• **Data items**:
____
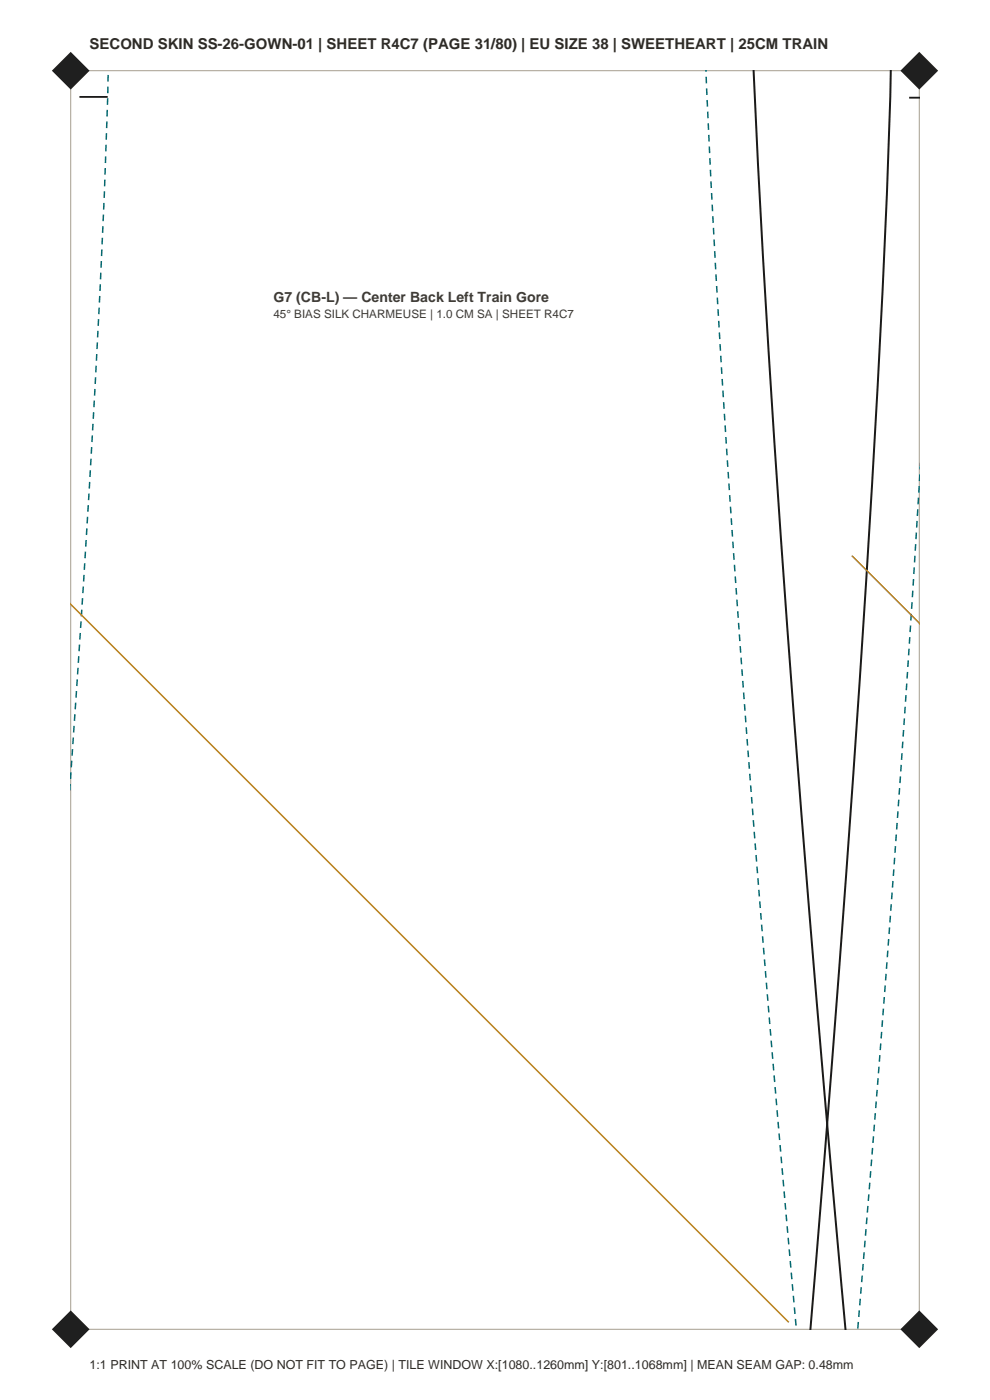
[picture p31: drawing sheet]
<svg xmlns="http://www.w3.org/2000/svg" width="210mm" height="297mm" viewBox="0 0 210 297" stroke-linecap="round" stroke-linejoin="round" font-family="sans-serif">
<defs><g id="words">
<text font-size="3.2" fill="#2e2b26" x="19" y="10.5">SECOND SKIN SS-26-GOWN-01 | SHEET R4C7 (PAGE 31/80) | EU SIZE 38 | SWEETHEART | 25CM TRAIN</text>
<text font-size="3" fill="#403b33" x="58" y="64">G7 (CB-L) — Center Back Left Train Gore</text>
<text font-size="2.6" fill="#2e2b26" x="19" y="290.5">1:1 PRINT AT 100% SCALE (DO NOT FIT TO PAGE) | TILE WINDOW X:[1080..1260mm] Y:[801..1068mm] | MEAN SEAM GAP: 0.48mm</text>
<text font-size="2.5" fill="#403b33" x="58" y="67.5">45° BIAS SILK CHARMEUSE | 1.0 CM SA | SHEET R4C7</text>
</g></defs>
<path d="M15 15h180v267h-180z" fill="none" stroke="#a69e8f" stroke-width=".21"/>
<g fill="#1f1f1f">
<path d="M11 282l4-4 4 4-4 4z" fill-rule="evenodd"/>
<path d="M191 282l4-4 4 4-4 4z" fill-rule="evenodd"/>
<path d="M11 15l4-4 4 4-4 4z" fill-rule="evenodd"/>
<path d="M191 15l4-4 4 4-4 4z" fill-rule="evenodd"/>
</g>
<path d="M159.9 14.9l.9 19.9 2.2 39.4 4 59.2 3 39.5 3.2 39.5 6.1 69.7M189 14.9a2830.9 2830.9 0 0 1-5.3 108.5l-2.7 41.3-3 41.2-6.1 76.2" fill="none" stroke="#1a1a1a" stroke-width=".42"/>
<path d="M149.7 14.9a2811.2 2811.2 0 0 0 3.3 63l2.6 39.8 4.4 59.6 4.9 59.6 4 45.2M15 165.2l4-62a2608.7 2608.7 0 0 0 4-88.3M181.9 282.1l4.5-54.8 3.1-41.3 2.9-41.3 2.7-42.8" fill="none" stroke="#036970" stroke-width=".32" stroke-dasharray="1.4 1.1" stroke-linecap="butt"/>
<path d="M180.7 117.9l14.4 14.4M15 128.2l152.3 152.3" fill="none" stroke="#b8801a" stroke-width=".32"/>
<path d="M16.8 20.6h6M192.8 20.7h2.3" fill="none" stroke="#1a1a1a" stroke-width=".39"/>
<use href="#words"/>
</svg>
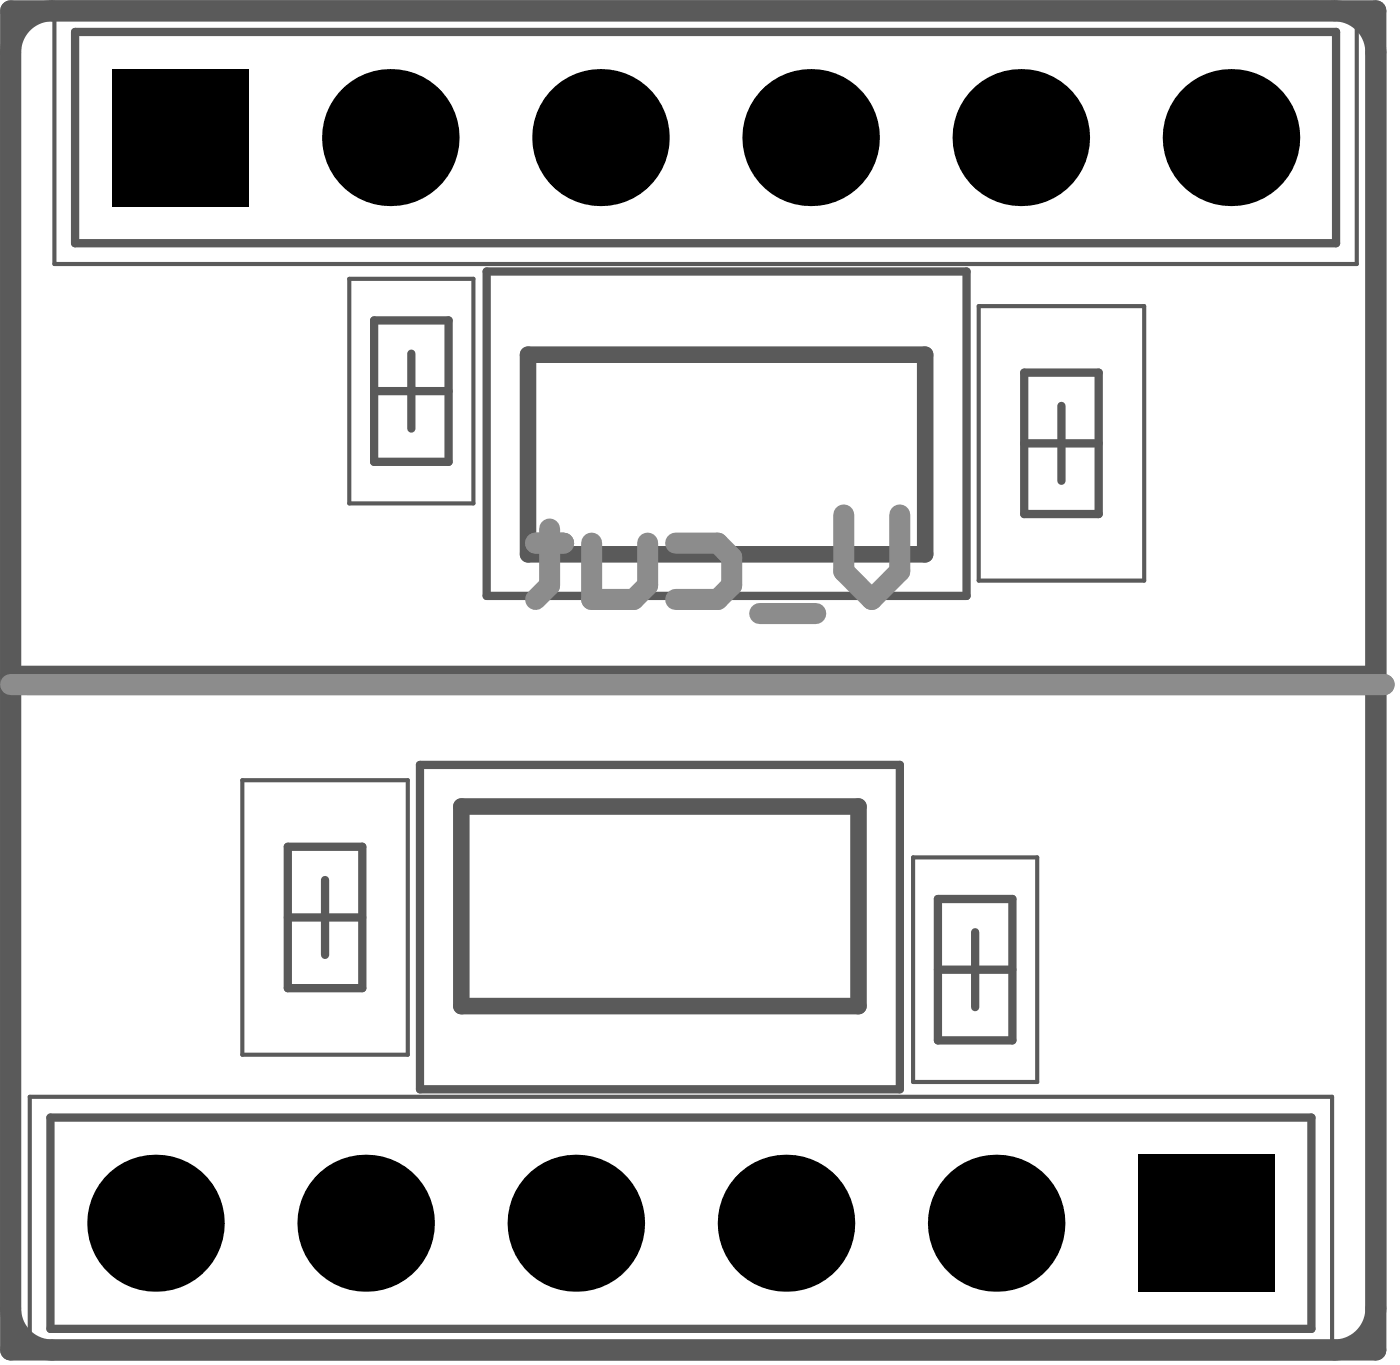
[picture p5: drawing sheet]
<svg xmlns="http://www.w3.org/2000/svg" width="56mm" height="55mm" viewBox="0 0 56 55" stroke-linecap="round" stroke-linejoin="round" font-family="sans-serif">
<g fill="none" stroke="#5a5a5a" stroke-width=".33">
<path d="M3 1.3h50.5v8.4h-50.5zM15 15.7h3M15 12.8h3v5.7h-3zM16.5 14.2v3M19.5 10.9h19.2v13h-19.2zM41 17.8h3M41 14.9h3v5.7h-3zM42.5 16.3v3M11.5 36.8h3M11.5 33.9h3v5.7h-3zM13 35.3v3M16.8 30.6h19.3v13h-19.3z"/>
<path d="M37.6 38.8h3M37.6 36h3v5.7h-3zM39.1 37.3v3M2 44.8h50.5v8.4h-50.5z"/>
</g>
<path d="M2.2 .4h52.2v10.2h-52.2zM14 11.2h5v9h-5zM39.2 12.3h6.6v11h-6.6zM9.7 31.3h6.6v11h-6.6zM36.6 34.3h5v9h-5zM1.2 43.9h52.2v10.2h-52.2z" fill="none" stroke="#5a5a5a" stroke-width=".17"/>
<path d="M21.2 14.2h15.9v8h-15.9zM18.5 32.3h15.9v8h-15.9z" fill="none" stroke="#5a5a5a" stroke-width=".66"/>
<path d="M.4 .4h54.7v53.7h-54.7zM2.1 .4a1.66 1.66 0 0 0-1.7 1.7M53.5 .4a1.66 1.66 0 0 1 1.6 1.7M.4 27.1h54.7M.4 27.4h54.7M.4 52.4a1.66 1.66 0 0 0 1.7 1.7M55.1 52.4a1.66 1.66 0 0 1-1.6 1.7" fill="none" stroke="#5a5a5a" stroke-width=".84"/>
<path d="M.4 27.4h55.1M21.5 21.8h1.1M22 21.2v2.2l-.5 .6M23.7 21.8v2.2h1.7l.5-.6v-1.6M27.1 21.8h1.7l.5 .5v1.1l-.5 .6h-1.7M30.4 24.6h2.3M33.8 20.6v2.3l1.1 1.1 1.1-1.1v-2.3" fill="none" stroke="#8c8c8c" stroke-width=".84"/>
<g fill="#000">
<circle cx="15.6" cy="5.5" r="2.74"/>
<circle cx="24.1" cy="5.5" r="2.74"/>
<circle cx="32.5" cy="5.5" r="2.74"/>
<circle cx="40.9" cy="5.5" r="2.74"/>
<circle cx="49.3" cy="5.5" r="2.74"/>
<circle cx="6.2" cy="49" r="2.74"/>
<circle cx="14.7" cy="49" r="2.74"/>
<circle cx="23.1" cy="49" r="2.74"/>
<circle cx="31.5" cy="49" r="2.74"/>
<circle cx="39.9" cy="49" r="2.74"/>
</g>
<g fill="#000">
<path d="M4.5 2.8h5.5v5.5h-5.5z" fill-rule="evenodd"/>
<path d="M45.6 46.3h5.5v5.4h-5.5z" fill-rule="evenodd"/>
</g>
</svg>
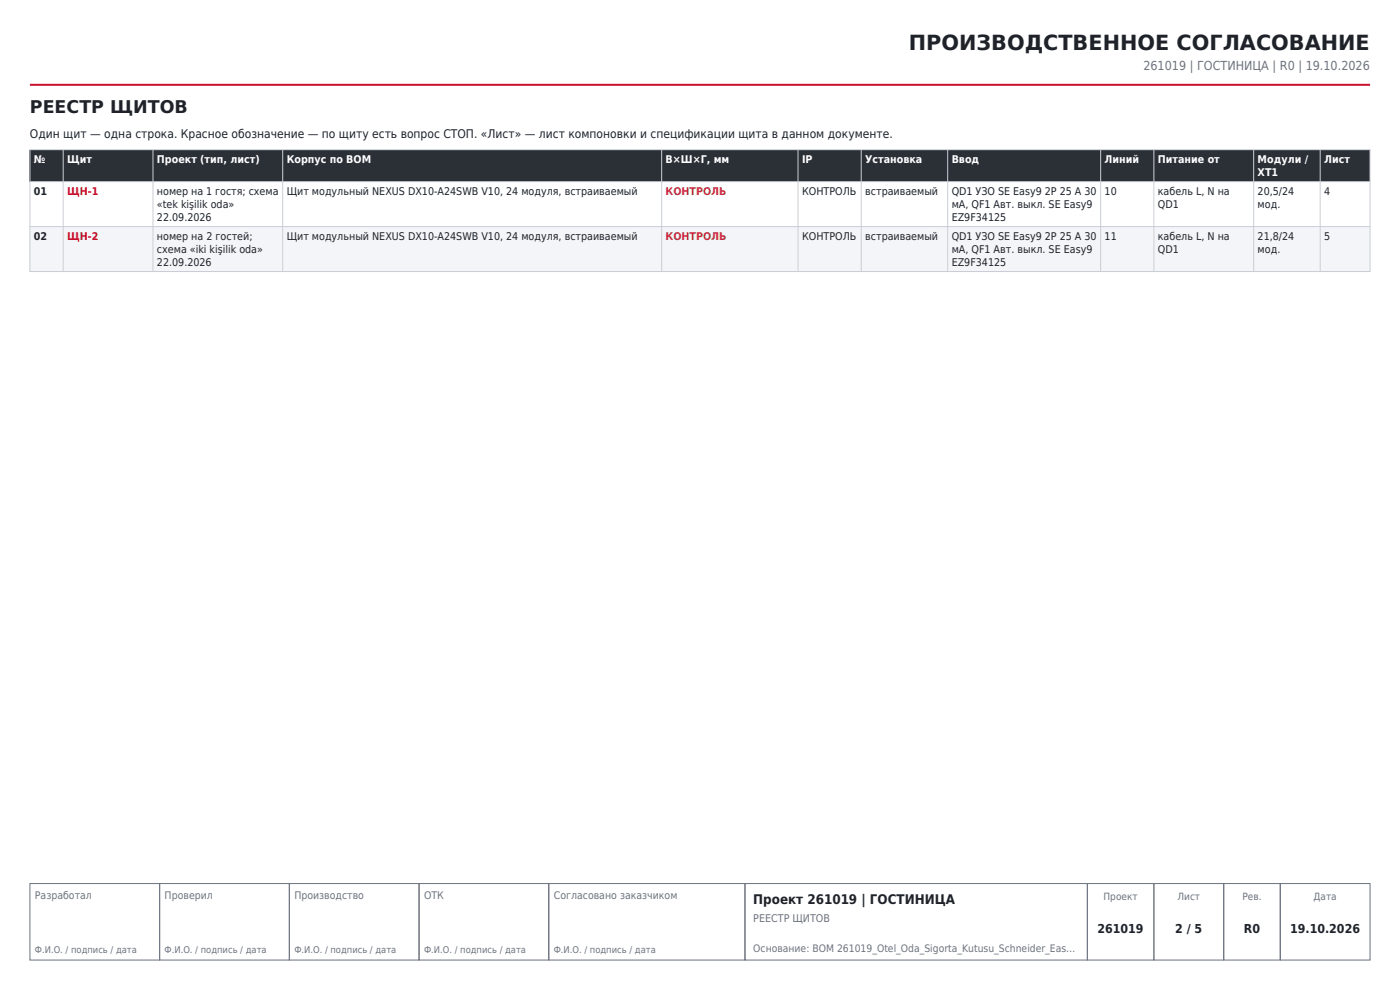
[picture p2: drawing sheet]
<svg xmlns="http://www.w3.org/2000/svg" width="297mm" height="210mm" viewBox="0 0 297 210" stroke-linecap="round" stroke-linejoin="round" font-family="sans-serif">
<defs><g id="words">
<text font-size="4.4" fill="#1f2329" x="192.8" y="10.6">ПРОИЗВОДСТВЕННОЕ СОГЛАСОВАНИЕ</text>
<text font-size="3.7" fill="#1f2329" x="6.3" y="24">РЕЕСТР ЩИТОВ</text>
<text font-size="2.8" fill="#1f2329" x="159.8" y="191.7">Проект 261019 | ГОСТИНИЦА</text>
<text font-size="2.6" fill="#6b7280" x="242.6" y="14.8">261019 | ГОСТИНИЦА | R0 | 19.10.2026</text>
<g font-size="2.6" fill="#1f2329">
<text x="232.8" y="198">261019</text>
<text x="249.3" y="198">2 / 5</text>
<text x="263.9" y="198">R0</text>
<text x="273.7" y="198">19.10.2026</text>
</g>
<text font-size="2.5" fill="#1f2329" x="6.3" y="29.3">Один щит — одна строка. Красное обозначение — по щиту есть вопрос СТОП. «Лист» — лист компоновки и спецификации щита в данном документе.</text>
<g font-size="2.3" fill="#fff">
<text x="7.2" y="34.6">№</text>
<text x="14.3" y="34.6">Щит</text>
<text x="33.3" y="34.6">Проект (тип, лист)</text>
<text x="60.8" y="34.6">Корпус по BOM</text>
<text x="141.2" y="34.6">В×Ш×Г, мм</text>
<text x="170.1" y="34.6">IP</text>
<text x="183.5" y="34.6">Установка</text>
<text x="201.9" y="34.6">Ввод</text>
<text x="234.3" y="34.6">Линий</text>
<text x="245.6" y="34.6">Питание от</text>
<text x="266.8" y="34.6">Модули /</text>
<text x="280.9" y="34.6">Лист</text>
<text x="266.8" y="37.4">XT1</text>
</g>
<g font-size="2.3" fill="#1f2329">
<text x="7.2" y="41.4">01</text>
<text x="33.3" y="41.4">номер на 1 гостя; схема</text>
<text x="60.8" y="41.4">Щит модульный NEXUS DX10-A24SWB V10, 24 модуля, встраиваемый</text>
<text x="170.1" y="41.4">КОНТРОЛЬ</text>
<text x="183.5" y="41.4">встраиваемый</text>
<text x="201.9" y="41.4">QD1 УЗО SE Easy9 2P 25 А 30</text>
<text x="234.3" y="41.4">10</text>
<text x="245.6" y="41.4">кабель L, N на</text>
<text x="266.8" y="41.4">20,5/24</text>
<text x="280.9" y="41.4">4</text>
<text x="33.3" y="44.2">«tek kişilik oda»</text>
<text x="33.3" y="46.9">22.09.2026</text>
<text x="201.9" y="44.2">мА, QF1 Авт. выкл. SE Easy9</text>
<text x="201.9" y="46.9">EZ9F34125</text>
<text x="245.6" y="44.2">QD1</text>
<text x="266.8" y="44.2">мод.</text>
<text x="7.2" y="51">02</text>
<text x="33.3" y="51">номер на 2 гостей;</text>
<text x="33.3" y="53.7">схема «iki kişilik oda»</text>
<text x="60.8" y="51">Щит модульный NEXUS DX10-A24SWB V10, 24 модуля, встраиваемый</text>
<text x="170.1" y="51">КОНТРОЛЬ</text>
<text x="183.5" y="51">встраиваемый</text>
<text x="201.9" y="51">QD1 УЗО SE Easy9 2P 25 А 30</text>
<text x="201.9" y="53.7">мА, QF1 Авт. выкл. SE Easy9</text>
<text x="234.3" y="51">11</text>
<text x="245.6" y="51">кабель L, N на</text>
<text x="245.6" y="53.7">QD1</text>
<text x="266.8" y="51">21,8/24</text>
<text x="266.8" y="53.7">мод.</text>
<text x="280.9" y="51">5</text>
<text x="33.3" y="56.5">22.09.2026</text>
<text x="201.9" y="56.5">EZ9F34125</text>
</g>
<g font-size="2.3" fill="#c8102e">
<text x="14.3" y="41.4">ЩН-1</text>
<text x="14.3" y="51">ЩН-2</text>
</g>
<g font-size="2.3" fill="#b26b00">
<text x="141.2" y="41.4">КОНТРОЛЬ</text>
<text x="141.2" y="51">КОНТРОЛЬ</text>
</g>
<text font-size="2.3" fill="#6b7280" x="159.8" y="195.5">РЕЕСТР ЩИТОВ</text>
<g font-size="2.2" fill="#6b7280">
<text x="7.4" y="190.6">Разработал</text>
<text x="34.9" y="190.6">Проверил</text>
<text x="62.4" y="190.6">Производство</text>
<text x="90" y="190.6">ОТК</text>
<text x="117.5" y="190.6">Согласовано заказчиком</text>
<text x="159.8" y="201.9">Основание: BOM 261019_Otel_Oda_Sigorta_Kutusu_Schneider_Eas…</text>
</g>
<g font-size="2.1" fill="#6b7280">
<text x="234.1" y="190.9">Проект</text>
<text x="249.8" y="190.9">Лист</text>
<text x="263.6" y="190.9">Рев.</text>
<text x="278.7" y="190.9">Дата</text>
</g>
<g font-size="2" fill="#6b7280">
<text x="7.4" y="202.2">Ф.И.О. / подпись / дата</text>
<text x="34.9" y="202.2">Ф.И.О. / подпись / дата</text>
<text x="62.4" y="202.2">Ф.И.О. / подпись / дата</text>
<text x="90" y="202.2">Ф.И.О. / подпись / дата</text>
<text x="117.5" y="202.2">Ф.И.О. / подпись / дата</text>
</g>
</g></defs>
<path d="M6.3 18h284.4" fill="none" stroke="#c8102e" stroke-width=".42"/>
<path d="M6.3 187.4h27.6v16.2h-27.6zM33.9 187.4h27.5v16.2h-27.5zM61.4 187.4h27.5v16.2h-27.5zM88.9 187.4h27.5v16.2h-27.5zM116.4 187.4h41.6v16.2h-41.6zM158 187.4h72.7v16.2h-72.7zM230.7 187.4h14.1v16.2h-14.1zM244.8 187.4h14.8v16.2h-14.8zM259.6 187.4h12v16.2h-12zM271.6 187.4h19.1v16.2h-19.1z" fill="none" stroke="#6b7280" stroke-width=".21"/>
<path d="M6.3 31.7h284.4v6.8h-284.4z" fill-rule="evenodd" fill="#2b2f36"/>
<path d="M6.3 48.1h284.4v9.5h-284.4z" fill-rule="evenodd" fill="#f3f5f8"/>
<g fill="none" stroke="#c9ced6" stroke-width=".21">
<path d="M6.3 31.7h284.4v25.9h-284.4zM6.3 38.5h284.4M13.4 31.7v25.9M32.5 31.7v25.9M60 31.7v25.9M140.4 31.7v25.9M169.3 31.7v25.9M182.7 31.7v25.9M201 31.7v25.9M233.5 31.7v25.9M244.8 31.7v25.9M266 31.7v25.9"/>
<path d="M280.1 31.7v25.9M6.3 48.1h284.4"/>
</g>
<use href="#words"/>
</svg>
____
• **Work instructions**:
Your answer should consist of copies of the lines above that include the string "circle".

• **Answer to this task**:
<circle cx="15.6" cy="5.5" r="2.74"/>
<circle cx="24.1" cy="5.5" r="2.74"/>
<circle cx="32.5" cy="5.5" r="2.74"/>
<circle cx="40.9" cy="5.5" r="2.74"/>
<circle cx="49.3" cy="5.5" r="2.74"/>
<circle cx="6.2" cy="49" r="2.74"/>
<circle cx="14.7" cy="49" r="2.74"/>
<circle cx="23.1" cy="49" r="2.74"/>
<circle cx="31.5" cy="49" r="2.74"/>
<circle cx="39.9" cy="49" r="2.74"/>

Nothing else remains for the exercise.